Darüber, dass Liri und alle anderen 97 Geiseln, die noch in Gaza sind, nach Hause kommen müssen, sind sich alle Menschen in Israel einig. Darüber, wie das geschehen soll, allerdings nicht. Nach neuesten Informationen soll Liri zu der ersten Gruppe gehören, die freikommt. Dann könnte die junge Frau mit den langen dunklen Haaren und dem eigentlich fröhlichen Lachen zusammen mit Naama Levy, Agam Berger, Daniela Gilboa und Karina Ariev freikommen.
Am verfluchten Morgen des 7. Oktobers 2023 wurden die fünf Israelinnen aus ihrer Armeebasis in Schlafanzügen von schwerbewaffneten grausamen Terroristen in die Hölle verschleppt. Am 19. Januar 2025 könnten sie über die Grenze nach Israel gefahren werden und in die schützenden Arme ihrer Eltern laufen. Wenn der Deal zustande kommt.

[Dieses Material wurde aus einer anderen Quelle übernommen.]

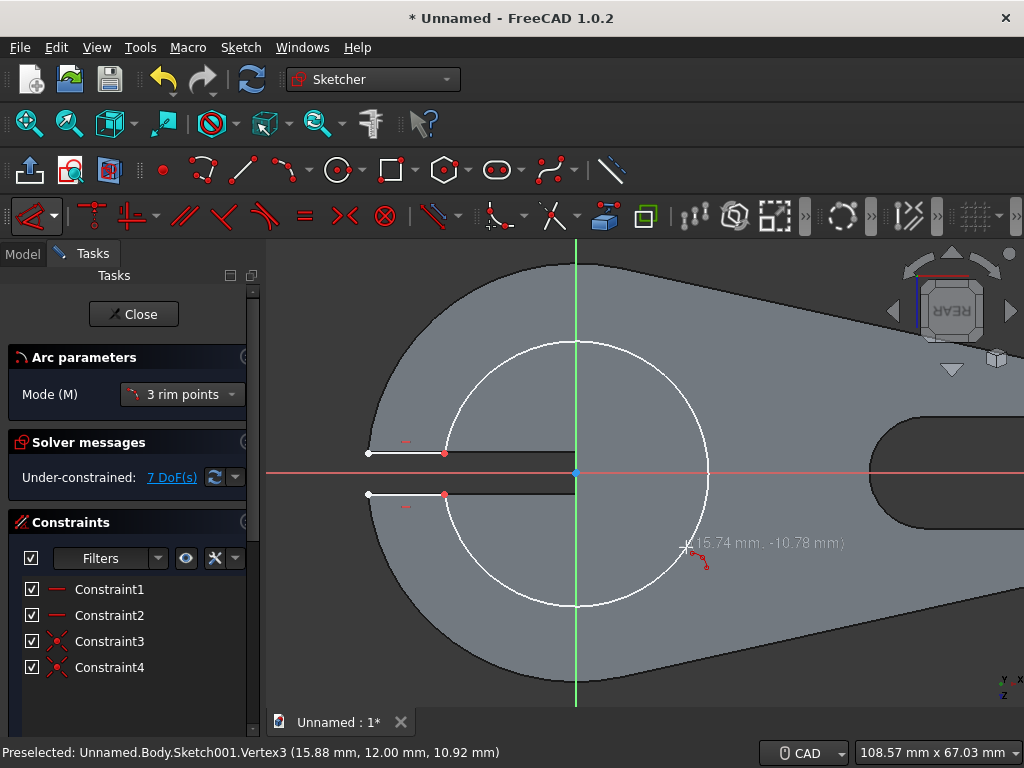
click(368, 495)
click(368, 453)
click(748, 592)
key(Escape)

Natürlich wäre es das Richtige, dass die Hamas sie gehenlässt, ohne Forderungen zu stellen. Schließlich sind sie die Verantwortlichen für dieses Grauen. Doch wer argumentiert, dass die Hamas sie doch freilassen und gleichzeitig auch noch die Waffen niederlegen soll, der argumentiert mit westlichen Werten und versteht nicht, welch radikal-islamistische Ideologie die Organisation bestimmt.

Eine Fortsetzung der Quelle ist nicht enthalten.